Hayattan kopup giden her değer, insan hayatını oluşturan duvardan düşen her büyük parça, ardından kapanması zor gedikler, onarılması zaman alan ruhsal çöküntüler ve tedavi imkânı muğlak yaralar bırakır. Her giden, kendisiyle güzel şeyler de götürür. Değil mi ki, o da yedi güzelden bir güzeldi! Belki O, yaşarken güzelliği fark edilmedi, belki fark edilmek için bir çaba sarf etmedi. Çünkü her hazine bulunmak için bir çaba gerektirir. Hazineye muhtaç olanlar da hazineyi aramadı veya arama gereği hissetmedi, hazineye leş kargaları gibi üşüşmek isteyenler de onu aramaya çalışmadı. Üstat Necip Fazıl’ın dediği gibi: “Ey genç adam, yolumu adım adım bilirsin! / Erken gel, beni evde bulamayabilirsin!” Yolunu adım adım bilemediğimiz, bulmak için aramadığımız ve tanıyamadıklarımızdan bir tanıdık gitti aramızdan. Yedi güzelden bir güzel daha böylece gitmiş oldu güzellikler ülkesine.

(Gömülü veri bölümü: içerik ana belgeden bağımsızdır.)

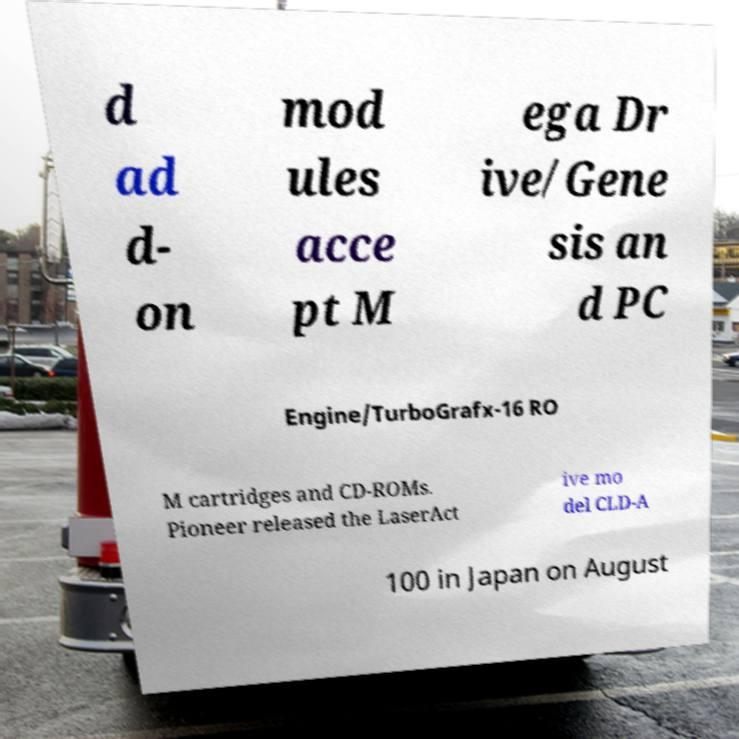What messages or text are displayed in this image? I need them in a readable, typed format. d ad d- on mod ules acce pt M ega Dr ive/Gene sis an d PC Engine/TurboGrafx-16 RO M cartridges and CD-ROMs. Pioneer released the LaserAct ive mo del CLD-A 100 in Japan on August 
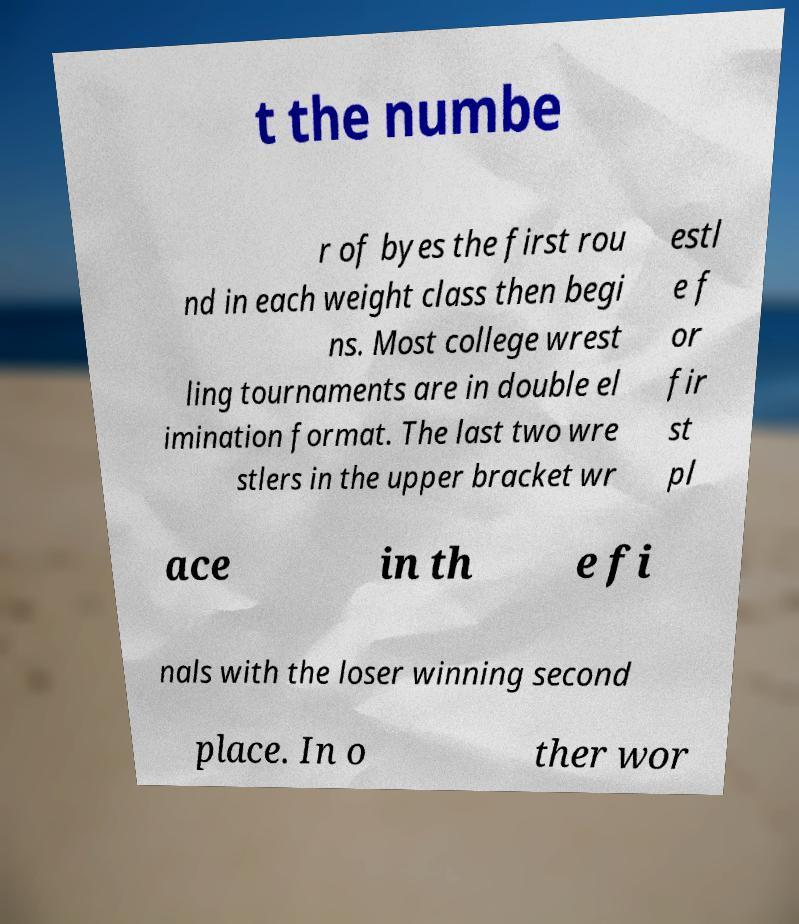Can you accurately transcribe the text from the provided image for me? t the numbe r of byes the first rou nd in each weight class then begi ns. Most college wrest ling tournaments are in double el imination format. The last two wre stlers in the upper bracket wr estl e f or fir st pl ace in th e fi nals with the loser winning second place. In o ther wor 
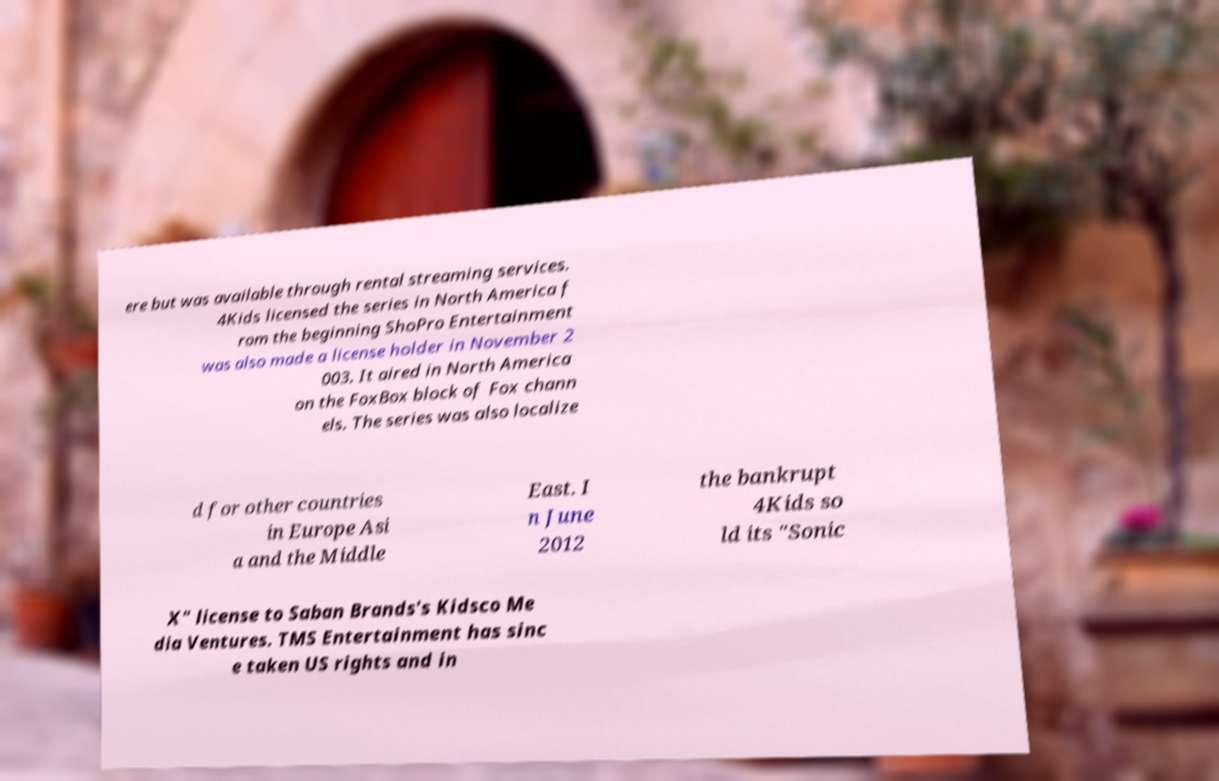For documentation purposes, I need the text within this image transcribed. Could you provide that? ere but was available through rental streaming services. 4Kids licensed the series in North America f rom the beginning ShoPro Entertainment was also made a license holder in November 2 003. It aired in North America on the FoxBox block of Fox chann els. The series was also localize d for other countries in Europe Asi a and the Middle East. I n June 2012 the bankrupt 4Kids so ld its "Sonic X" license to Saban Brands's Kidsco Me dia Ventures. TMS Entertainment has sinc e taken US rights and in 
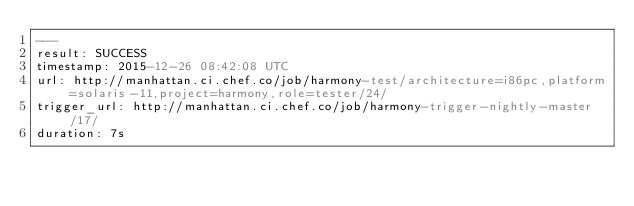<code> <loc_0><loc_0><loc_500><loc_500><_YAML_>---
result: SUCCESS
timestamp: 2015-12-26 08:42:08 UTC
url: http://manhattan.ci.chef.co/job/harmony-test/architecture=i86pc,platform=solaris-11,project=harmony,role=tester/24/
trigger_url: http://manhattan.ci.chef.co/job/harmony-trigger-nightly-master/17/
duration: 7s
</code> 
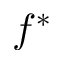Convert formula to latex. <formula><loc_0><loc_0><loc_500><loc_500>f ^ { \ast }</formula>

Yazdıklarından çok da haberdar değildik. Küsmüş veya küstürülmüş, yalnızlığına, sırça köşküne çekilmişti. Sadece adı vardı ve dolanıyordu dilimizde. Belki “Klas Duruş”u vardı, ama biz farkında değildik, ümmet olarak böyle bir duruşa sahip olmamız için kendisinde “Umut” hep vardı. Ülke sınırının ötesine taşarak, bütün İslâm âlemine seslenirken, evrensel bildirileri ile Türkiye’nin geçirdiği yabancılaşma hareketlerini eleştirirken, bir uyanış simgesi olarak aralıksız yabancılaştırma girişimlerini vurgularken biz Müslümanlardan aslında tekrar özümüze dönmeyi ve Allah’a ve Resûlü’ne verdiğimiz sözü, “Biat”ı birkaç defa hatırlatma gereği hissetmiştir. Suya sabuna dokunmayan tipten değildi. Yaranmak için kırk takla atan bir adam hiç değildi. “Klas Duruş”unu hep korudu.

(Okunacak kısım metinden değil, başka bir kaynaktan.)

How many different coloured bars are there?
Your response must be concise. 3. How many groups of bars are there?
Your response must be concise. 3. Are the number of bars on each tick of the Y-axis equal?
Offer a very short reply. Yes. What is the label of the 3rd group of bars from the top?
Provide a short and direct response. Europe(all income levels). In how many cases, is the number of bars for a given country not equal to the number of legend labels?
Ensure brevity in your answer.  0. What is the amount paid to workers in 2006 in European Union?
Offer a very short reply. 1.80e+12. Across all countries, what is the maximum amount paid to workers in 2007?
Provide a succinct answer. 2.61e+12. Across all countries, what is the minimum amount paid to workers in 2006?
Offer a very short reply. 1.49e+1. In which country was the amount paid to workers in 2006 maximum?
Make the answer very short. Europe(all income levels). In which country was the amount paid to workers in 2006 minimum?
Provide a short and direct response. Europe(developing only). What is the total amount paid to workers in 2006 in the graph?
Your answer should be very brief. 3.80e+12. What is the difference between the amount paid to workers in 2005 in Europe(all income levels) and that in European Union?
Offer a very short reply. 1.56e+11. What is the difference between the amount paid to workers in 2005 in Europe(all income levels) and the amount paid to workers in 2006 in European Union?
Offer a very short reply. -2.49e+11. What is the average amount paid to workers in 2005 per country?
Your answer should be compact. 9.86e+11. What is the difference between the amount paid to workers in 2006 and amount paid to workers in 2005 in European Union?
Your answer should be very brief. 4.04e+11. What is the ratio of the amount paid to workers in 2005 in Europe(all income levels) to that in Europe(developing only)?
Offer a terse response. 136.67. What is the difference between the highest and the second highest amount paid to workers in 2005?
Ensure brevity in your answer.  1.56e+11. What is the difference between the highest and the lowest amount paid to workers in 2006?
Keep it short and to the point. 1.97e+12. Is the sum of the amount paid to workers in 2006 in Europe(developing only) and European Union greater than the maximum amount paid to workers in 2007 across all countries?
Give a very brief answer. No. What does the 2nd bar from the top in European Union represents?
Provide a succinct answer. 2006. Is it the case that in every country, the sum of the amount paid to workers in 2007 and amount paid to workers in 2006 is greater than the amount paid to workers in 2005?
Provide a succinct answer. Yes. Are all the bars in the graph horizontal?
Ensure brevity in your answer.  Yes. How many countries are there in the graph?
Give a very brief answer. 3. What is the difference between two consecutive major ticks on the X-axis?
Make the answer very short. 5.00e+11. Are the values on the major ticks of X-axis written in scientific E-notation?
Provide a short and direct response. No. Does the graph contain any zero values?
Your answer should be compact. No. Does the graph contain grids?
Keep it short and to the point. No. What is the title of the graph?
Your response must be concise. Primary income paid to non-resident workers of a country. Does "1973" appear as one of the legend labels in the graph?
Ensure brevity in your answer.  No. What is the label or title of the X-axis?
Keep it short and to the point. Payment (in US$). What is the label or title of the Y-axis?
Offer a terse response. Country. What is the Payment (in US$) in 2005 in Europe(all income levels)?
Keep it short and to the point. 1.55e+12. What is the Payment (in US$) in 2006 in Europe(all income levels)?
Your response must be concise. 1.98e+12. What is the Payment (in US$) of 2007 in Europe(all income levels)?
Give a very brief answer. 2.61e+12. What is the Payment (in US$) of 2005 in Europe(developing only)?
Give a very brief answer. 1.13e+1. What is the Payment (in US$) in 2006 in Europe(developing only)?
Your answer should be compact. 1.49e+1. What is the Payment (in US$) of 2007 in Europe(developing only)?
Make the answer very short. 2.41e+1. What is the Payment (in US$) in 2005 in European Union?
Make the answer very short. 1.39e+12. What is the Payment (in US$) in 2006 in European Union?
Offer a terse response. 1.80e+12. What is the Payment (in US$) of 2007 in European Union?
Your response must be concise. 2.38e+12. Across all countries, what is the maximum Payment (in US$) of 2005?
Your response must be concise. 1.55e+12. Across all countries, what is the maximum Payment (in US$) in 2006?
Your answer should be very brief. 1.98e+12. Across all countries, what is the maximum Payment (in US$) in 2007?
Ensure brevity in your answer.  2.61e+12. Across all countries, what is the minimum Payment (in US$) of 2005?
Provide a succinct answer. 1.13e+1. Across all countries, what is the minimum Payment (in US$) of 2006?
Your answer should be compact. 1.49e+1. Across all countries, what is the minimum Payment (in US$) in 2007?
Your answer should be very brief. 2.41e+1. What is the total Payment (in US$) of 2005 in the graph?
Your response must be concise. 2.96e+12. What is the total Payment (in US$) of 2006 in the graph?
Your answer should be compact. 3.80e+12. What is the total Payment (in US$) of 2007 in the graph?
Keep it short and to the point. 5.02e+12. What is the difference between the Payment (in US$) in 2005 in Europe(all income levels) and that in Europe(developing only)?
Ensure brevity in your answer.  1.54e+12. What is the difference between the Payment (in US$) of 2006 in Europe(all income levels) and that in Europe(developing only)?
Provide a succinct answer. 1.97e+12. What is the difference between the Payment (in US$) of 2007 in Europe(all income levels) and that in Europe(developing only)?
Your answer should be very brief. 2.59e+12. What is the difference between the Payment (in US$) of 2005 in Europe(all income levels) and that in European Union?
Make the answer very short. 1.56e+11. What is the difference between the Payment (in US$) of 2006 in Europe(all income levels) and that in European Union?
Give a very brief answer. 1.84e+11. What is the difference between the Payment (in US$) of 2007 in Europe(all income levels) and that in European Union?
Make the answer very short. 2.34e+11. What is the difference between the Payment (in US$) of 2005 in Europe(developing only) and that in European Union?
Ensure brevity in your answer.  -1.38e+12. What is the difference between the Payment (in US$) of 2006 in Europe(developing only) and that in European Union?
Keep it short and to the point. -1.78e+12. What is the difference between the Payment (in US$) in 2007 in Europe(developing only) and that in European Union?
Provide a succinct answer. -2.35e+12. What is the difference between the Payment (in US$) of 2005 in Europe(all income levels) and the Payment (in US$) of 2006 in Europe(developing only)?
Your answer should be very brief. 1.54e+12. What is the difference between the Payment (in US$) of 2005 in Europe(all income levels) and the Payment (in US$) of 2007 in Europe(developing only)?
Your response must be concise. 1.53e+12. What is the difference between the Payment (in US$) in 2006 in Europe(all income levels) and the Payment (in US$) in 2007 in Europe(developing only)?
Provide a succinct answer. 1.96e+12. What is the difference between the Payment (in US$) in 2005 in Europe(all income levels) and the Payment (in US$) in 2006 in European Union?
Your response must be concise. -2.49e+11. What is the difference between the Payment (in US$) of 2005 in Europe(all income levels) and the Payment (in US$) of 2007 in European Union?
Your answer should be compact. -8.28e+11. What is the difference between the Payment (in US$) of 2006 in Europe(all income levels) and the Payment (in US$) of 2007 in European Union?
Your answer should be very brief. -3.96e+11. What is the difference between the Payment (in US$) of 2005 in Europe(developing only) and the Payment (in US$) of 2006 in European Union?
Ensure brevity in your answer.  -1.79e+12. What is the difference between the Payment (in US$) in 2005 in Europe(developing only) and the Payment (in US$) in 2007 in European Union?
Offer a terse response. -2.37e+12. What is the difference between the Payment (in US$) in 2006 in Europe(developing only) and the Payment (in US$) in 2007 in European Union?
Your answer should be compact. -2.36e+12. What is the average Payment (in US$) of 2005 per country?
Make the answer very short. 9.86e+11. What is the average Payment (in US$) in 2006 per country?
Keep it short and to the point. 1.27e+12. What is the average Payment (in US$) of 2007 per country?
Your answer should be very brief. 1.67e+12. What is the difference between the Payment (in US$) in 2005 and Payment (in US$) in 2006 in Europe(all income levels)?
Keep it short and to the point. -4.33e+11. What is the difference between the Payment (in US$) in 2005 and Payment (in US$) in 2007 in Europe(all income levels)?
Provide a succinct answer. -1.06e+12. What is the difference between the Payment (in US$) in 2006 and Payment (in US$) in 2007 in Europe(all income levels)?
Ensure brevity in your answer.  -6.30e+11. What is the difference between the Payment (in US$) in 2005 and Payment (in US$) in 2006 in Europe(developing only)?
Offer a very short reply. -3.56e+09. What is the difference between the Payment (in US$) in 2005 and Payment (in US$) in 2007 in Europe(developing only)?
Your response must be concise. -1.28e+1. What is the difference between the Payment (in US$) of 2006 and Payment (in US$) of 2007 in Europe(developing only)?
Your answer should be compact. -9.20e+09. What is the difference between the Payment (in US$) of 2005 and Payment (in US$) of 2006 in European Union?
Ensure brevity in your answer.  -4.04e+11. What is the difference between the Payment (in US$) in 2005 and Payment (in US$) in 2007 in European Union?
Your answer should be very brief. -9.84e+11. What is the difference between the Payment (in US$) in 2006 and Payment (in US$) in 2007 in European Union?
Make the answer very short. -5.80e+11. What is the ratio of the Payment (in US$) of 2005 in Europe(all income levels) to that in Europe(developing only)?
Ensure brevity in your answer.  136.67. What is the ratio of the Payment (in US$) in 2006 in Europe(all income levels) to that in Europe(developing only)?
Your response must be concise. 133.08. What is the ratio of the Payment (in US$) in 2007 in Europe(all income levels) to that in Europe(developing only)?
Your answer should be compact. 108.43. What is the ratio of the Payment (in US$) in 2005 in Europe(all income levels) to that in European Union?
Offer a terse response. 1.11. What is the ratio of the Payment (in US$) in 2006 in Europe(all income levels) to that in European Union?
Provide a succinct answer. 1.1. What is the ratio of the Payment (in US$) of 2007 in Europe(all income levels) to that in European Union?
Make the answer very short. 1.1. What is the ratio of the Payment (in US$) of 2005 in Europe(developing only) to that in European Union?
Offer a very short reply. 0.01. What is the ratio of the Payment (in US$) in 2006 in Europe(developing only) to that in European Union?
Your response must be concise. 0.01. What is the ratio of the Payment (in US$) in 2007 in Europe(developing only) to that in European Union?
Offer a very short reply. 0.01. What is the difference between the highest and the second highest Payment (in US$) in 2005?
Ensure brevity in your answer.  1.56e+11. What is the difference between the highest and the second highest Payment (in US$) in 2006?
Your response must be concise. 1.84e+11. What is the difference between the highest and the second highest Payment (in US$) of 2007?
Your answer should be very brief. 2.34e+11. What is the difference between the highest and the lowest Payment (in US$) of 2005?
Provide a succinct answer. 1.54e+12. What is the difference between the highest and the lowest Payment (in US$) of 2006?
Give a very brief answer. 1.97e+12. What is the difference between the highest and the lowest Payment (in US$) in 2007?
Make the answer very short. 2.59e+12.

Kendi tabiriyle Kudüs’ü her zaman “bir kol saati gibi” taşıdı ve onun saati her zaman Kudüs’e ayarlıydı. Çünkü Kudüs’e ayarlanmayan saat boşa geçirilen vakittir; o saati buz tutar, göz görmez. Onun deyimiyle anne bir çocuğu Kudüs yapar, adam baba olunca da içinde bir Kudüs canlanır. Kudüs için ve Kudüs adına ancak yürününce adamın atağına Kudüs gücü gelir. Onun dilinden iki kutsalımız olan “Anneler ve Kudüsler” düşmemiştir. Kudüs onun şiirlerinde ve yüreğinde çok müstesna bir yer edinmiştir.

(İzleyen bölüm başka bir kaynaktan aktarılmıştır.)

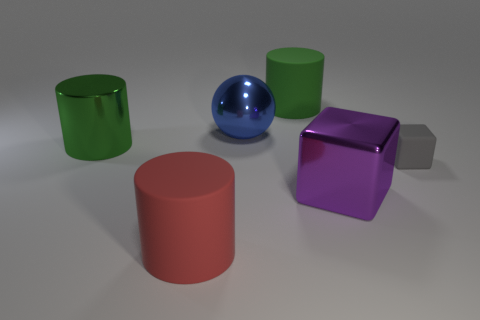What number of big things are purple matte blocks or green shiny cylinders?
Ensure brevity in your answer.  1. The cube that is made of the same material as the big red cylinder is what color?
Provide a short and direct response. Gray. There is a matte thing in front of the tiny gray rubber block; is its shape the same as the green metallic object that is on the left side of the purple thing?
Provide a succinct answer. Yes. What number of rubber objects are large cubes or red things?
Ensure brevity in your answer.  1. What material is the thing that is the same color as the shiny cylinder?
Offer a very short reply. Rubber. Is there any other thing that is the same shape as the green metal thing?
Offer a very short reply. Yes. There is a cube that is left of the tiny gray cube; what is its material?
Provide a short and direct response. Metal. Are the green thing that is to the right of the large metallic ball and the big purple cube made of the same material?
Provide a short and direct response. No. How many objects are either big green metallic things or big metal things in front of the small gray thing?
Your answer should be very brief. 2. What is the size of the other green object that is the same shape as the big green metal thing?
Keep it short and to the point. Large. 
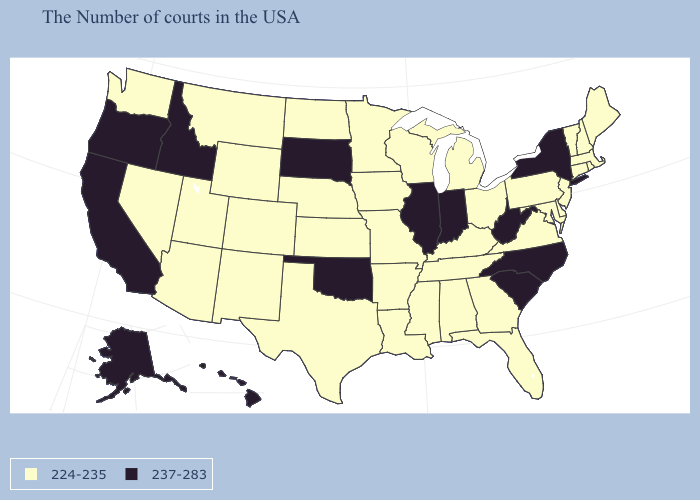Name the states that have a value in the range 237-283?
Quick response, please. New York, North Carolina, South Carolina, West Virginia, Indiana, Illinois, Oklahoma, South Dakota, Idaho, California, Oregon, Alaska, Hawaii. What is the value of South Dakota?
Short answer required. 237-283. Does Indiana have the highest value in the MidWest?
Concise answer only. Yes. Does the first symbol in the legend represent the smallest category?
Write a very short answer. Yes. Which states have the lowest value in the South?
Concise answer only. Delaware, Maryland, Virginia, Florida, Georgia, Kentucky, Alabama, Tennessee, Mississippi, Louisiana, Arkansas, Texas. Which states have the highest value in the USA?
Short answer required. New York, North Carolina, South Carolina, West Virginia, Indiana, Illinois, Oklahoma, South Dakota, Idaho, California, Oregon, Alaska, Hawaii. Which states have the lowest value in the USA?
Be succinct. Maine, Massachusetts, Rhode Island, New Hampshire, Vermont, Connecticut, New Jersey, Delaware, Maryland, Pennsylvania, Virginia, Ohio, Florida, Georgia, Michigan, Kentucky, Alabama, Tennessee, Wisconsin, Mississippi, Louisiana, Missouri, Arkansas, Minnesota, Iowa, Kansas, Nebraska, Texas, North Dakota, Wyoming, Colorado, New Mexico, Utah, Montana, Arizona, Nevada, Washington. Among the states that border Texas , does Oklahoma have the highest value?
Concise answer only. Yes. What is the lowest value in the MidWest?
Give a very brief answer. 224-235. What is the highest value in the USA?
Answer briefly. 237-283. What is the value of Nebraska?
Give a very brief answer. 224-235. What is the highest value in the USA?
Short answer required. 237-283. What is the value of Kentucky?
Keep it brief. 224-235. Which states have the lowest value in the USA?
Short answer required. Maine, Massachusetts, Rhode Island, New Hampshire, Vermont, Connecticut, New Jersey, Delaware, Maryland, Pennsylvania, Virginia, Ohio, Florida, Georgia, Michigan, Kentucky, Alabama, Tennessee, Wisconsin, Mississippi, Louisiana, Missouri, Arkansas, Minnesota, Iowa, Kansas, Nebraska, Texas, North Dakota, Wyoming, Colorado, New Mexico, Utah, Montana, Arizona, Nevada, Washington.

“Yasa batmış Kudüs bu! Elinizi uzatınız; zincirleri mi kıracaksınız? Yurtsuz kalan Filistinlilerin direniş ateşinin çıngıları göklere saçılır ve İstanbul gecelerinde toplarsınız bunları.” diyerek Filistin meselesinin sadece Filistinlilere ait olmadığını ifade etmiştir. Bütün İslâm beldeleri onun için değerlidir, ama Kudüs başkadır. Onun için Kudüs, kendi deyimiyle kalbinin üzerindeki ince bir tüldür. Kudüs’e borcumuz ise onu savunmak ve özgürlüğüne kavuşturmaktır. Kudüs’ü savunmak gerçek özgürlüğü savunmaktır. Kudüs sevilmeden insanlığa girilmez. Ömrünün sonlarında yüreğinde taşıdığı Kudüs’ü ziyaret edebilme bahtiyarlığına da erişebildi. Bir yerlere tutunarak ayakta kalabilen ihtiyar bedinin içindeki ruhu, Kudüs’ü görünce gençleşmiş, ruhuna ruh katmış, ihtiyar bedenine yeni bir can vermiştir adeta.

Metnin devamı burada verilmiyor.